The majority rely on Overby v. Gordon, 1900, 177 U.S. 214, 20 S.Ct. 603, 44 L.Ed. 741 and discuss it at some length. Suffice it to say that in the Over-by case the will was offered for probate, while here there was no such offer. Weitknecht v. District of Columbia, 1952, 90 U.S.App.D.C. 291, 195 F.2d 570, also cited and relied upon in the majority opinion, was a decision in a tax case which held the decedent’s unrealized desire to return to his boyhood home before he died was not enough “to avoid payment of tax obligations incurred in the place of actual abode.” I do not believe the Weitknecht case is authority for the proposition that the decedent here *123forfeited his domicile in California because he died in the District without returning home after the execution of his will.

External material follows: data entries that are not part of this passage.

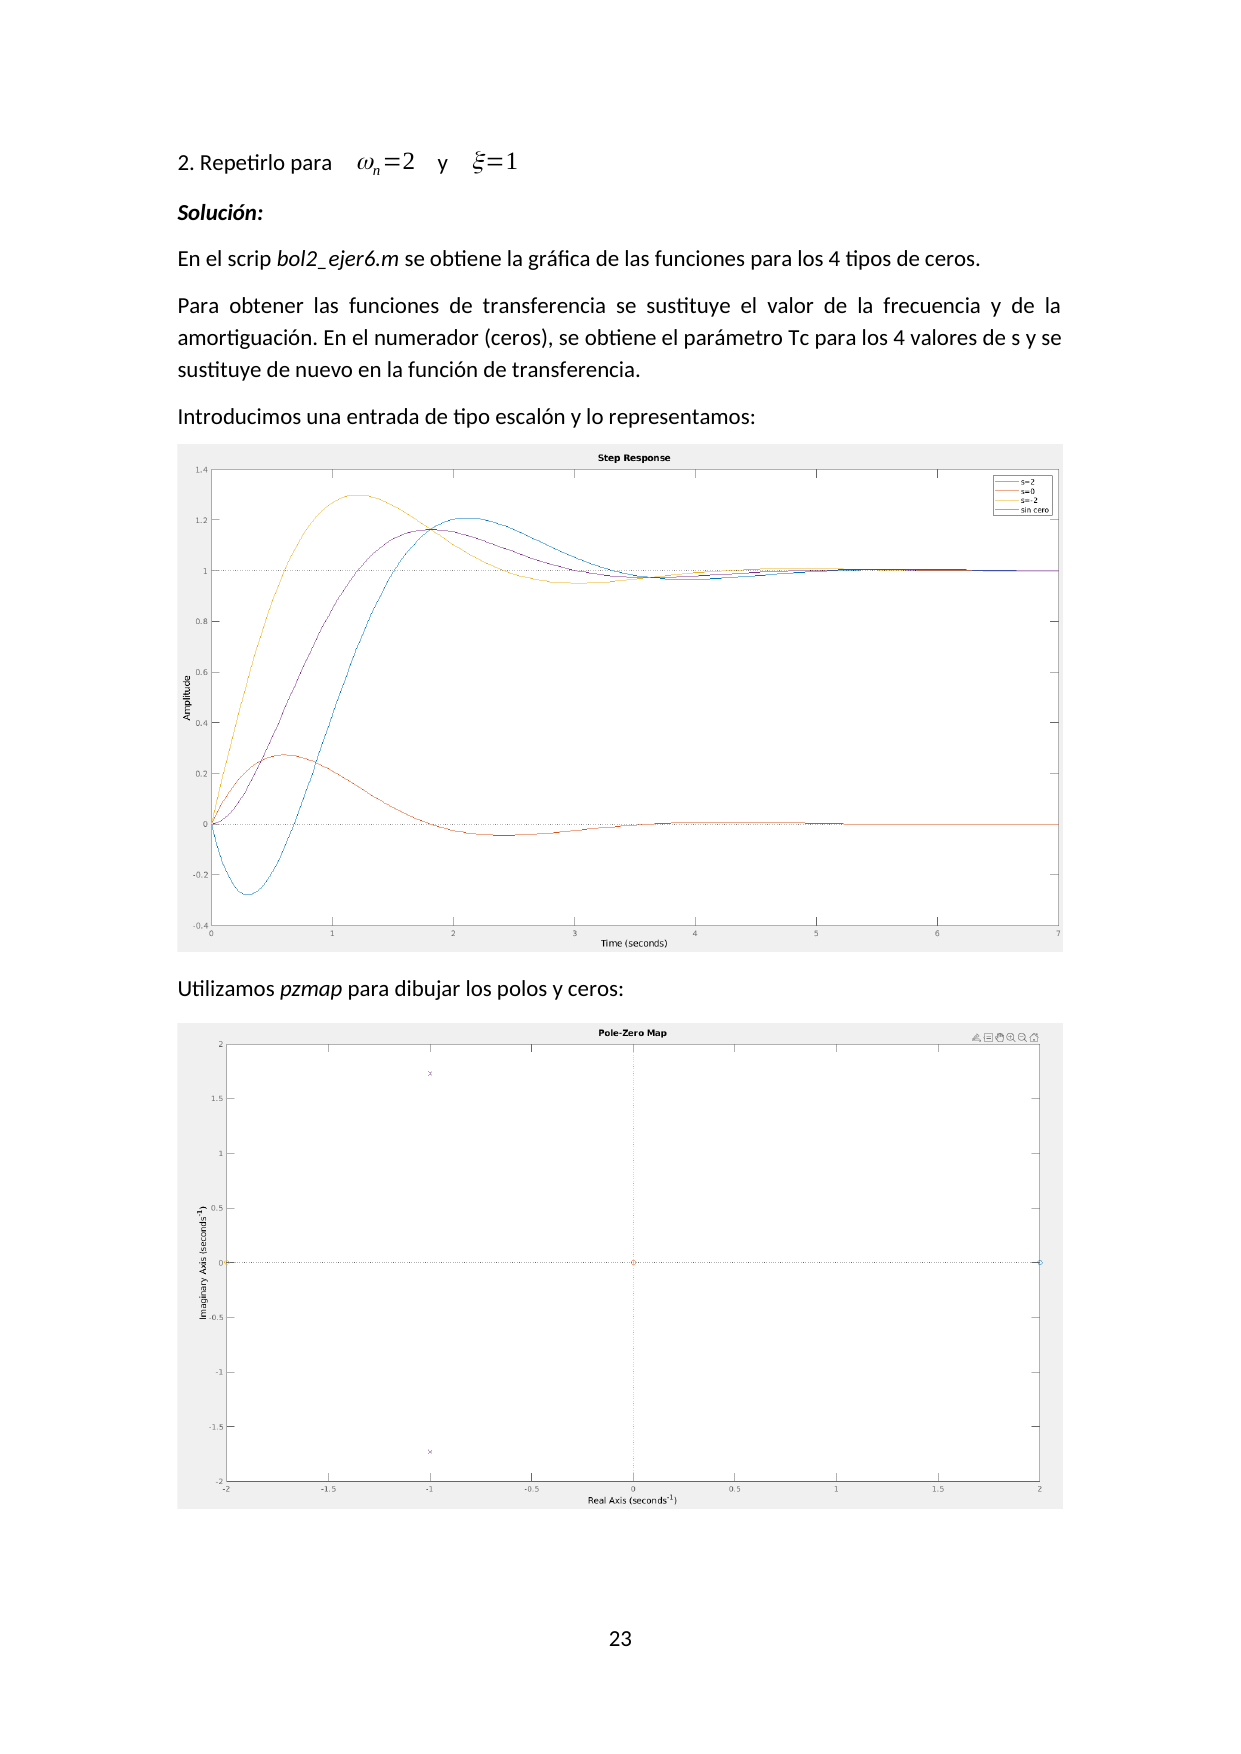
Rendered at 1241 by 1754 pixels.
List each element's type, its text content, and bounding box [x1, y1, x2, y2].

text En el scrip bol2_ejer6.m se obtiene la gráfica de las funciones para los 4 tipos de ceros. [177, 244, 1063, 272]
text Utilizamos pzmap para dibujar los polos y ceros: [177, 952, 1063, 1002]
text 2. Repetirlo para y [177, 148, 1063, 179]
text Para obtener las funciones de transferencia se sustituye el valor de la frecuencia y de la amortiguación. En el numerador (ceros), se obtiene el parámetro Tc para los 4 valores de s y se sustituye de nuevo en la función de transferencia. [177, 291, 1063, 384]
picture [177, 444, 1063, 952]
picture [177, 1023, 1063, 1509]
text Solución: [177, 198, 1063, 226]
text Introducimos una entrada de tipo escalón y lo representamos: [177, 402, 1063, 430]

For these reasons, I disagree with the majority.
. This curious colloquialism is sometimes used by lawyers in the District of Columbia in referring to a written instrument.
. No proof was introduced.
. There are three unsigned penned notations on the District Court file cover, which purport to show some of the steps taken in this case. One of them, dated March 17, 3958, does indeed recite that a motion for rehearing and to have the issue of domicile tried by a jury was denied.
. It should be borne in mind that the court’s refusal, for any reason, to deny probate is not equivalent to granting probate and thus in effect barring letters of administration. Declining to deny probate simply left the unoffered will as it was before, and does not control or affect the court’s ruling on the petition for letters of administration.
. In Korn v. Standard Oil Co., 8 Cir., 228 F.2d 699, supplemented 8 Cir., 1956, 230 F.2d 954, there is dictum that the allegation in a complaint by a Minnesota citizen that one of the two defendants was then resident in Minnesota, taken as true, established Minnesota citizenship under the 14th Amendment. This dictum is contrary to the Supreme Court cases cited in the text. It is dictum because it was not the allegation of residence in Minnesota that defeated jurisdiction, but failure to affirmatively allege that defendant’s citizenship in a state other than Minnesota which required dismissal of the complaint.
. Section 19-301, D.C.Code (1951), which establishes probate procedure, begins thus: “Upon the filing of a petition for probate of a will, notice * * * shall be issued * * There is no provision for filing a petition to deny probate of a will which has not been offered.